La seconda dimensione riguarda le opportunità, al fine di contrastare la trasmissione intergenerazionale delle disuguaglianze. L’equità si costruisce investendo nelle prime fasi della vita, nell’istruzione, nella salute, nella formazione fino all’accesso a un lavoro dignitoso e alla casa. Al centro devono essere posti i gruppi più vulnerabili, garantendo servizi essenziali di qualità. Tra le azioni prioritarie previste dalla Strategia rientra la costruzione di un Indice di equità intergenerazionale, per misurare nel tempo le disuguaglianze nelle opportunità e orientare le scelte di policy.

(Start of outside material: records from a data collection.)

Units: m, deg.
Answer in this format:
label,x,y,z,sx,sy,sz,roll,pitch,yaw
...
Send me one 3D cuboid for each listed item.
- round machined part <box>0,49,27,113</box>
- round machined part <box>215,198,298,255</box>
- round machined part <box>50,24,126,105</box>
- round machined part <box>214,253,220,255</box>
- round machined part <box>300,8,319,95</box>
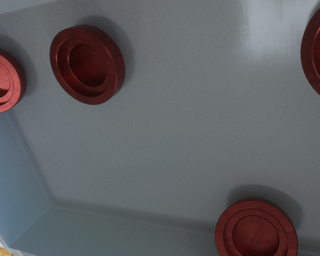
label,x,y,z,sx,sy,sz,roll,pitch,yaw
round machined part,-0.251,-0.075,0.468,0.099,0.042,0.097,0,113,0
round machined part,0.124,0.139,0.400,0.098,0.042,0.097,-2,85,22
round machined part,-0.086,-0.082,0.393,0.098,0.042,0.097,13,124,21
round machined part,0.110,0.224,0.469,0.098,0.042,0.097,17,144,13
round machined part,0.172,-0.065,0.251,0.098,0.042,0.097,31,133,41
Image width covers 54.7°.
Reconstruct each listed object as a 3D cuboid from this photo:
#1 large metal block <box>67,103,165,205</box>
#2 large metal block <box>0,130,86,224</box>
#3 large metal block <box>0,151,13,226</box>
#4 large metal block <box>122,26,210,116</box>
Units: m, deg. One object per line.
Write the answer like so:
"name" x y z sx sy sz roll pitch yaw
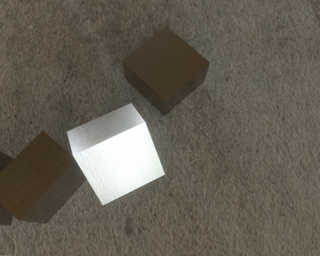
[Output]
"large metal block" -0.050 0.030 0.360 0.080 0.080 0.050 -25 35 -9
"large metal block" -0.132 0.060 0.355 0.050 0.080 0.080 38 74 12
"large metal block" -0.207 0.068 0.351 0.050 0.080 0.080 -2 70 -1
"large metal block" 0.008 -0.077 0.423 0.080 0.050 0.080 -42 76 -14
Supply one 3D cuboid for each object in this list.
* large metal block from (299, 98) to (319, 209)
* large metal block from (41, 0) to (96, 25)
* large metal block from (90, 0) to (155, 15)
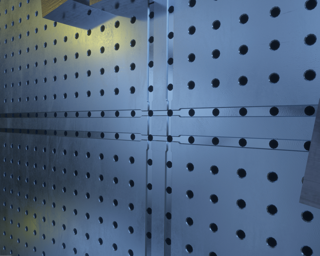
[{"bbox_3d":[0.156,0.022,0.245,0.050,0.081,0.080,13,99,39],"label":"large metal block"},{"bbox_3d":[-0.158,-0.233,0.525,0.080,0.050,0.080,-10,84,39],"label":"large metal block"},{"bbox_3d":[-0.055,-0.216,0.439,0.080,0.050,0.080,-1,90,40],"label":"large metal block"}]
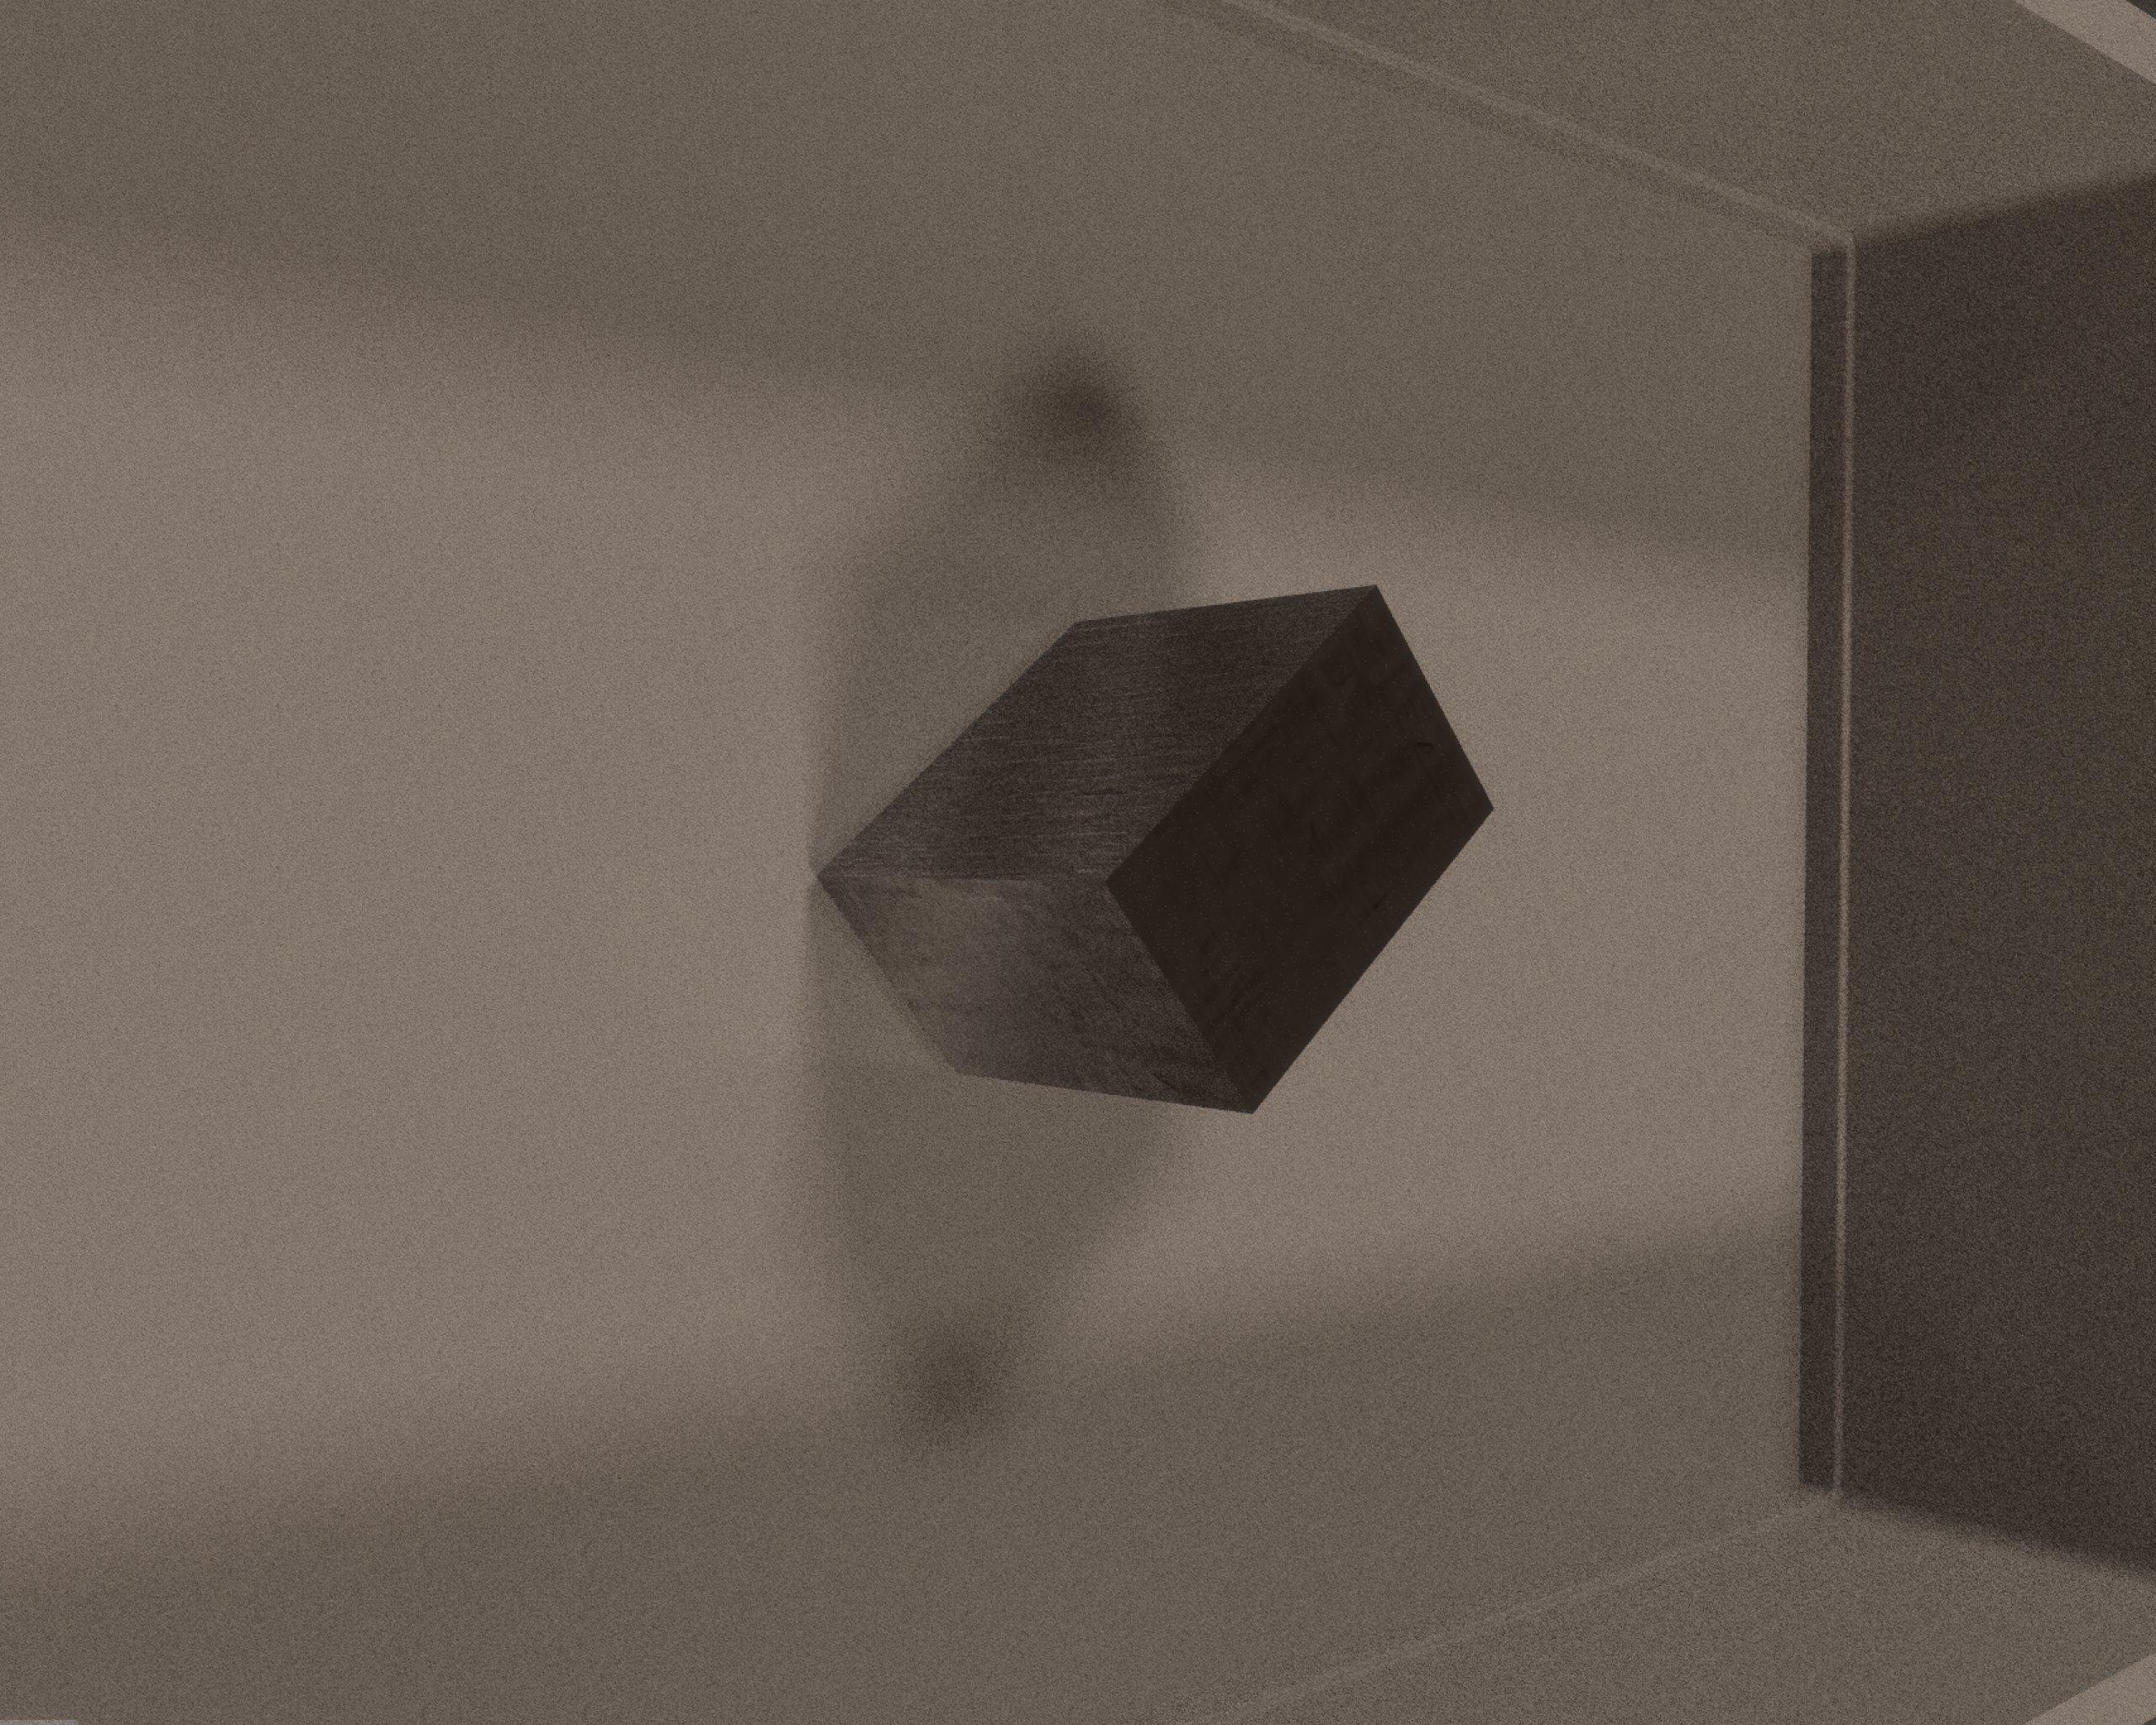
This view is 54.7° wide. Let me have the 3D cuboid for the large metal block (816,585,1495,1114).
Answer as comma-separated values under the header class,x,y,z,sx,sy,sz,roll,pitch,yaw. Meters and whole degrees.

Infine, la Strategia europea valorizza la dimensione territoriale, sostenendo il principio per cui il luogo in cui si nasce non dovrebbe determinare il futuro di una persona. Ridurre i divari tra regioni, città e aree rurali, così come tra centri e periferie, diventa parte integrante della Strategia per l’equità intergenerazionale che offre un quadro di riferimento comune anche per le politiche e iniziative esistenti. È previsto un rapporto di avanzamento nel 2028.
L’Italia in pista
In Italia, la riforma costituzionale del 2022 ha introdotto all’articolo 9 “la tutela dell’ambiente, della biodiversità e degli ecosistemi anche nell’interesse delle future generazioni” segnando un cambio di paradigma delle politiche pubbliche. La Legge n. 167 del novembre 2025 ha introdotto la Valutazione di Impatto Generazionale (VIG), una analisi preventiva degli effetti sociali e ambientali delle nuove leggi sulle giovani generazioni e su quelle future. In questa direzione si muovono già diverse esperienze territoriali (Comune di Parma, Bologna, Regione Emilia-Romagna, area metropolitana di Reggio Calabria), mentre un recente Rapporto ASviS-Save the Children evidenzia strumenti, modelli e approcci per rendere queste valutazioni operative a supporto di scelte politiche lungimiranti, anche attraverso il coinvolgimento attivo dei giovani.
In un contesto governato dall’incertezza in cui gli spazi di decisione collettiva si restringono, le iniziative europee e nazionali possono diventare un terreno concreto su cui ridefinire il modo in cui immaginiamo, costruiamo e governiamo insieme il domani. Certo, fare valutazioni di impatto intergenerazionale non è facile, data la multidimensionalità degli aspetti da considerare, le interazioni fra variabili e l’incertezza esistente. Ma le difficoltà non devono mettere in discussione l’importanza di uno sguardo lungo e inclusivo.